* _DATA SHOWN_
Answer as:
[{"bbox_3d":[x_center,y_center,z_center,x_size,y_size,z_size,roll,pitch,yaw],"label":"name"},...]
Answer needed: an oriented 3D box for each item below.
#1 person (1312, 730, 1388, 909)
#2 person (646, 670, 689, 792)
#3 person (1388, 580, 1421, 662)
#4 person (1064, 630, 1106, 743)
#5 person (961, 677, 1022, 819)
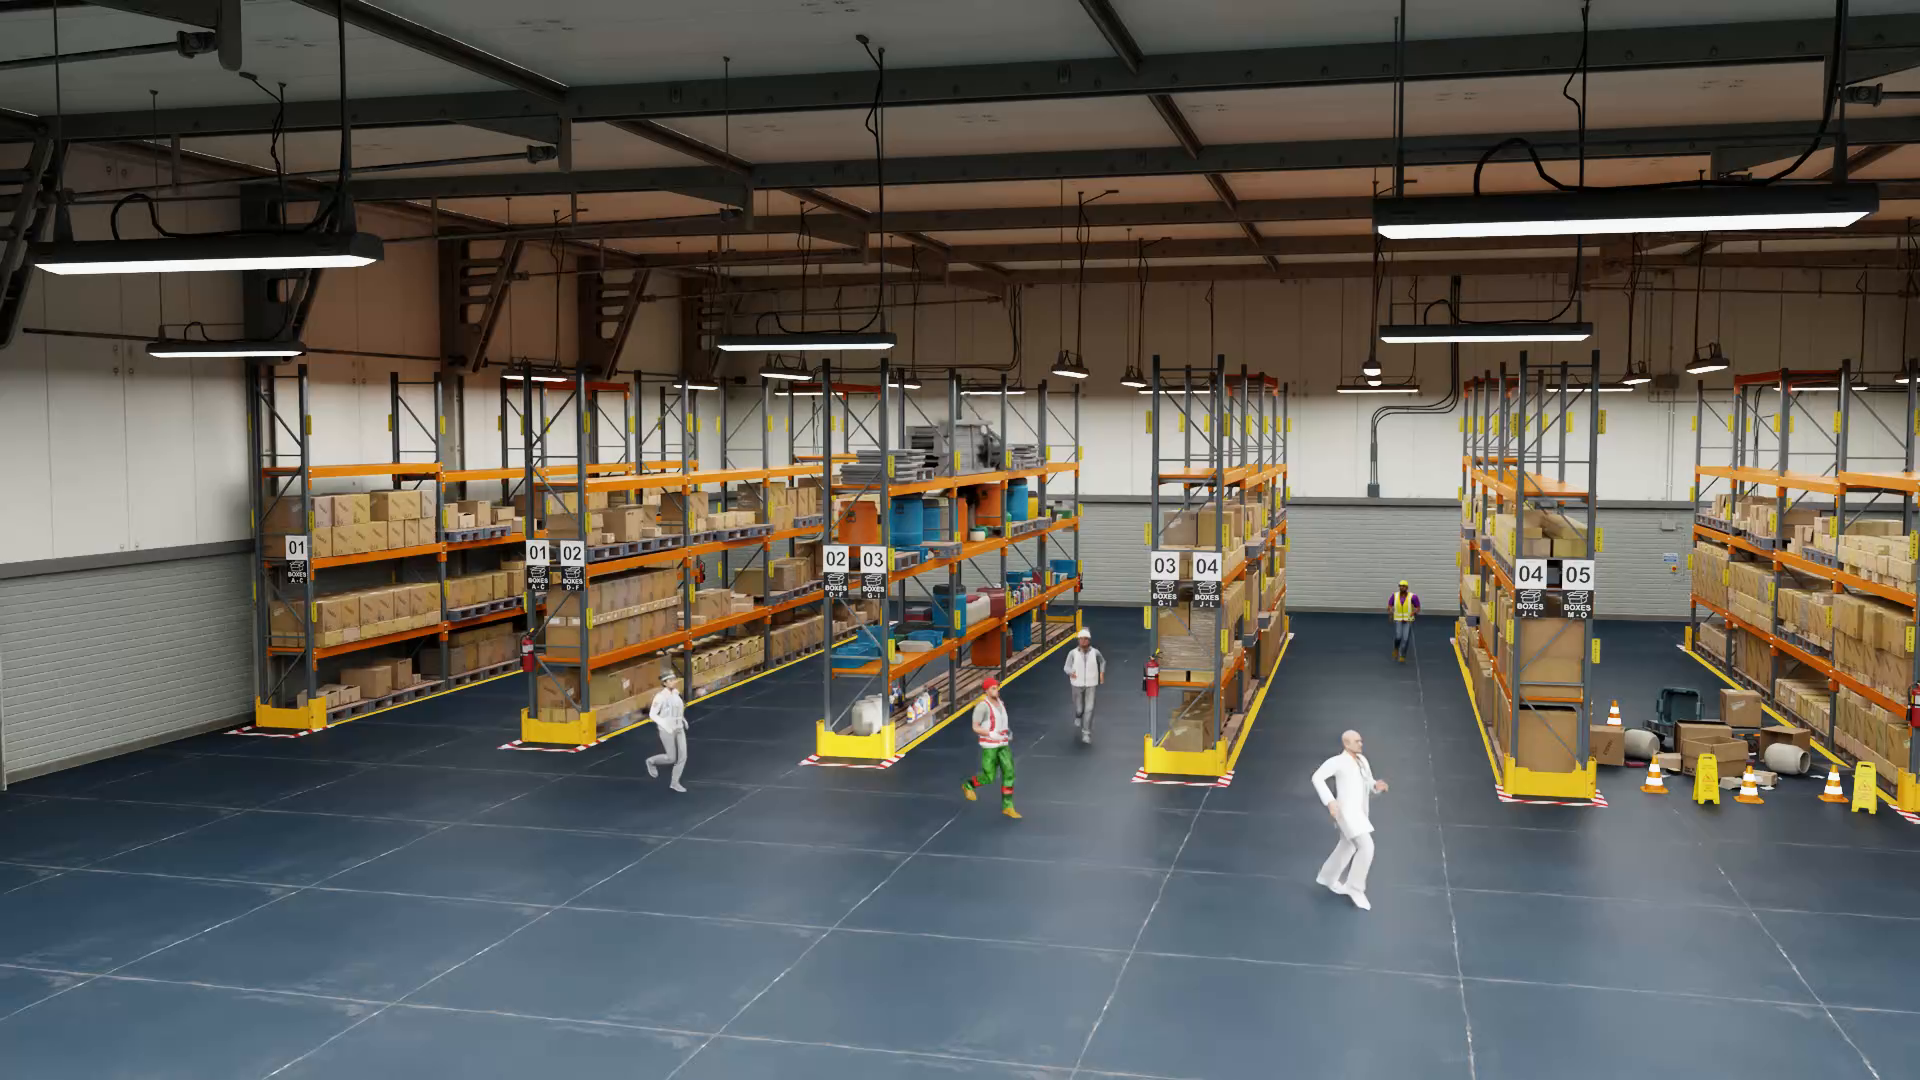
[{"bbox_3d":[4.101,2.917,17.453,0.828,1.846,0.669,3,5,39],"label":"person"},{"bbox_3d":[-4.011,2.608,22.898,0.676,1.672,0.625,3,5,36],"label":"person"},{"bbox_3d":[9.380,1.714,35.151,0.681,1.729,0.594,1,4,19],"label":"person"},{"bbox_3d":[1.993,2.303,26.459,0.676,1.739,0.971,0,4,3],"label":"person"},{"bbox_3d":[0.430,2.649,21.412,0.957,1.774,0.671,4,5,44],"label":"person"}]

* * *

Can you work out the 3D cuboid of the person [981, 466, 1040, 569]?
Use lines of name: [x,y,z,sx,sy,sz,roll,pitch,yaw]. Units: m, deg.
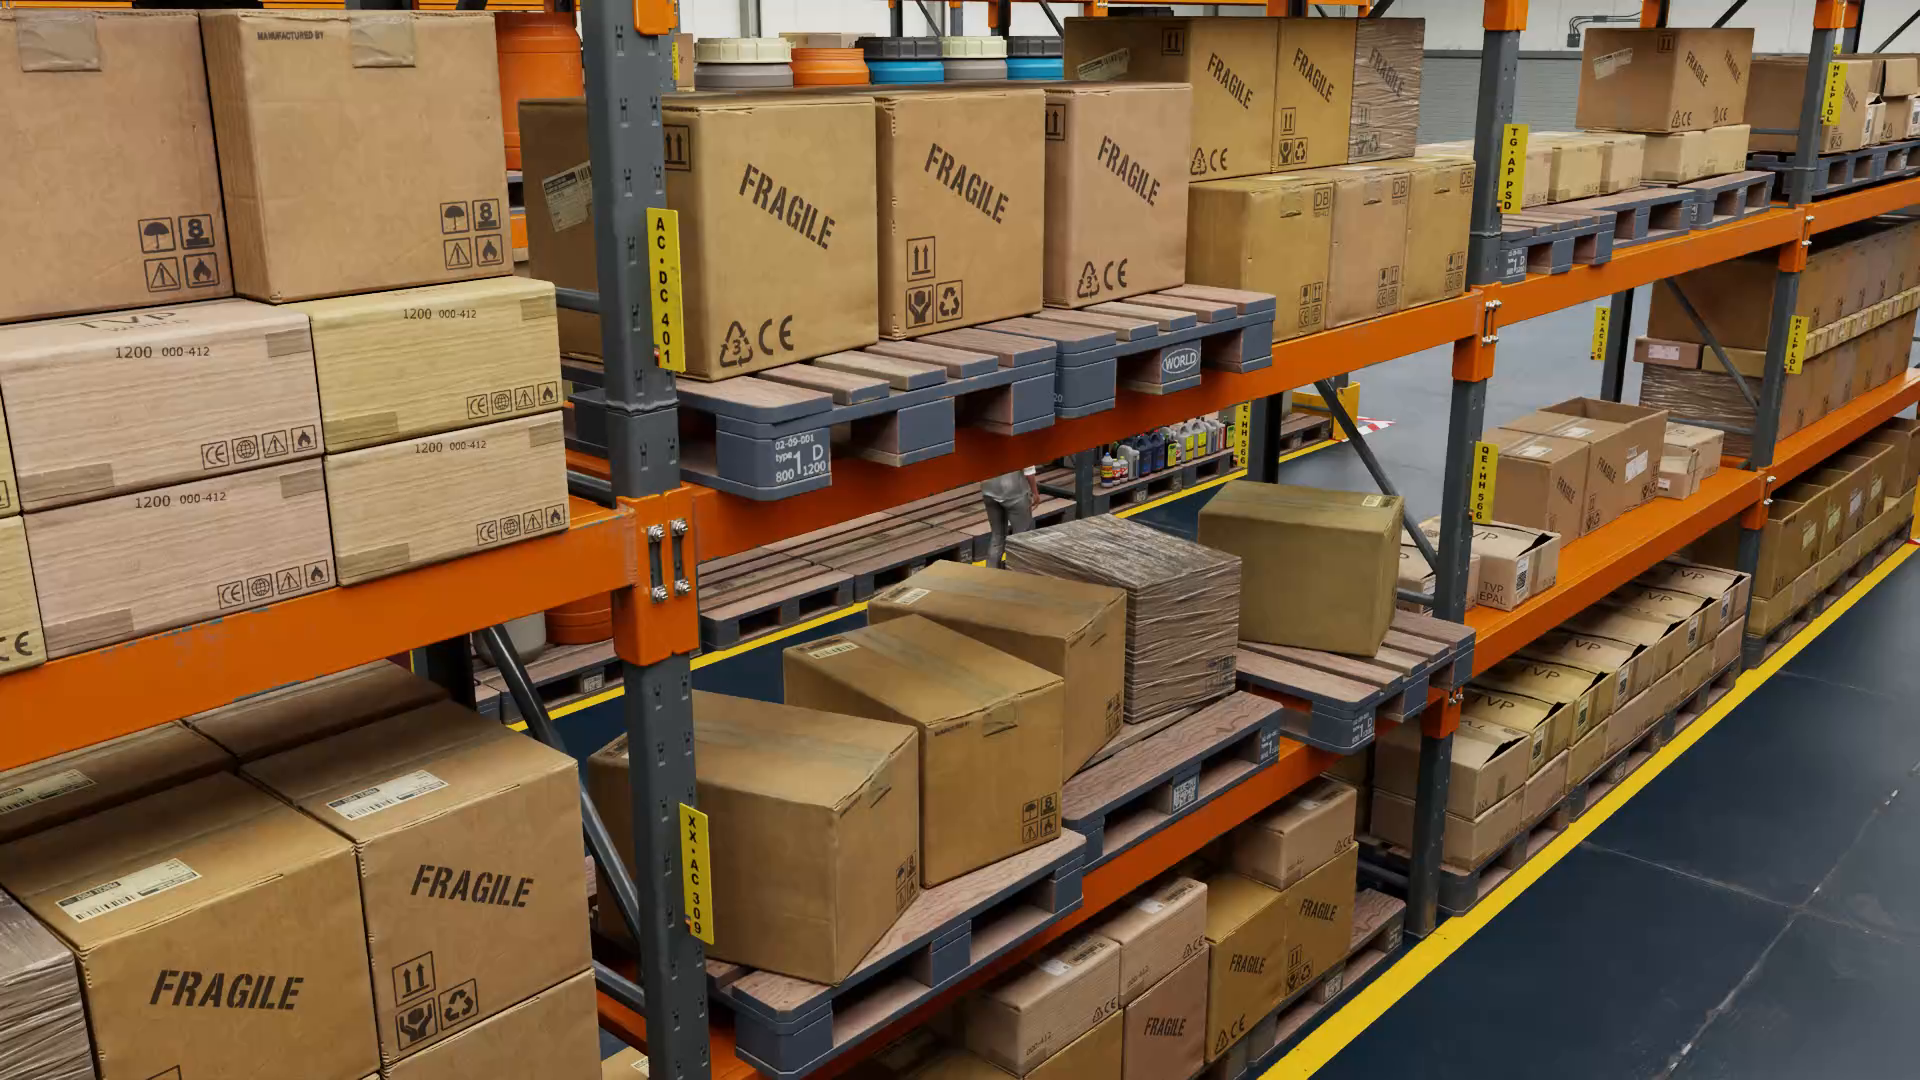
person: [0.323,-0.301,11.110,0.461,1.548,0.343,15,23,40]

* _TASK TO COMPLETE_
Looking at the records above, work out how many lines include the string "Answer". Give the number and nothing else.

* _EXERCISE OUTPUT_
2